- **Exercise aim**: Search the material below for the word "object" and copy every line in which it occurs.

######

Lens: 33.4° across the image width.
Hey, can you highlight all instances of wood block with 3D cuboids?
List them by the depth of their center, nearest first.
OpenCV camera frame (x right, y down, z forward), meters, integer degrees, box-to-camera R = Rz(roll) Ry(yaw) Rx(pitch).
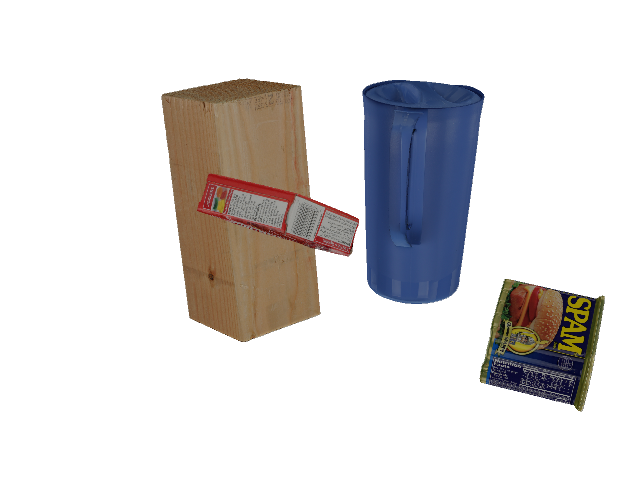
[{"bbox_3d":[-0.068,-0.030,0.932,0.090,0.206,0.091,-18,22,-36],"label":"wood block"}]

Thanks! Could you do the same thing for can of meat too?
[{"bbox_3d":[0.182,0.082,0.873,0.084,0.057,0.102,12,41,13],"label":"can of meat"}]

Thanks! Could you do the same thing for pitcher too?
[{"bbox_3d":[0.107,-0.052,1.202,0.149,0.243,0.145,-10,24,-27],"label":"pitcher"}]

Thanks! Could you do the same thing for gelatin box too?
[{"bbox_3d":[-0.027,-0.016,0.717,0.073,0.030,0.089,15,-2,32],"label":"gelatin box"}]
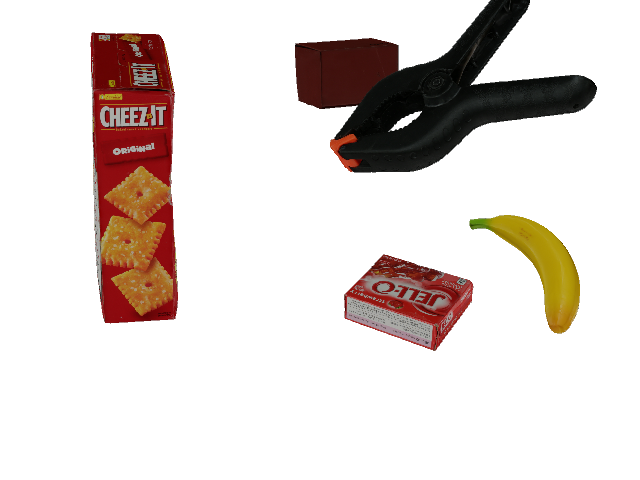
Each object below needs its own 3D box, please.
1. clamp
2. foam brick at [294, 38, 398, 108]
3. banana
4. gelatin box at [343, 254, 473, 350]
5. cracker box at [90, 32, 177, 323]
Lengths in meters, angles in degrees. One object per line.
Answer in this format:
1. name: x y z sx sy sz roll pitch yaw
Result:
1. clamp: 0.090 -0.089 0.692 0.039 0.171 0.120 47 9 -41
2. foam brick: 0.023 -0.146 0.932 0.078 0.051 0.053 -8 20 -23
3. banana: 0.229 0.025 1.119 0.069 0.037 0.198 -29 38 -1
4. gelatin box: 0.076 0.051 0.913 0.089 0.030 0.073 17 37 25
5. cracker box: -0.165 -0.059 0.947 0.072 0.214 0.164 -2 27 -12

######

- **Solution for this exercise**:
Each object below needs its own 3D box, please.
Lengths in meters, angles in degrees. One object per line.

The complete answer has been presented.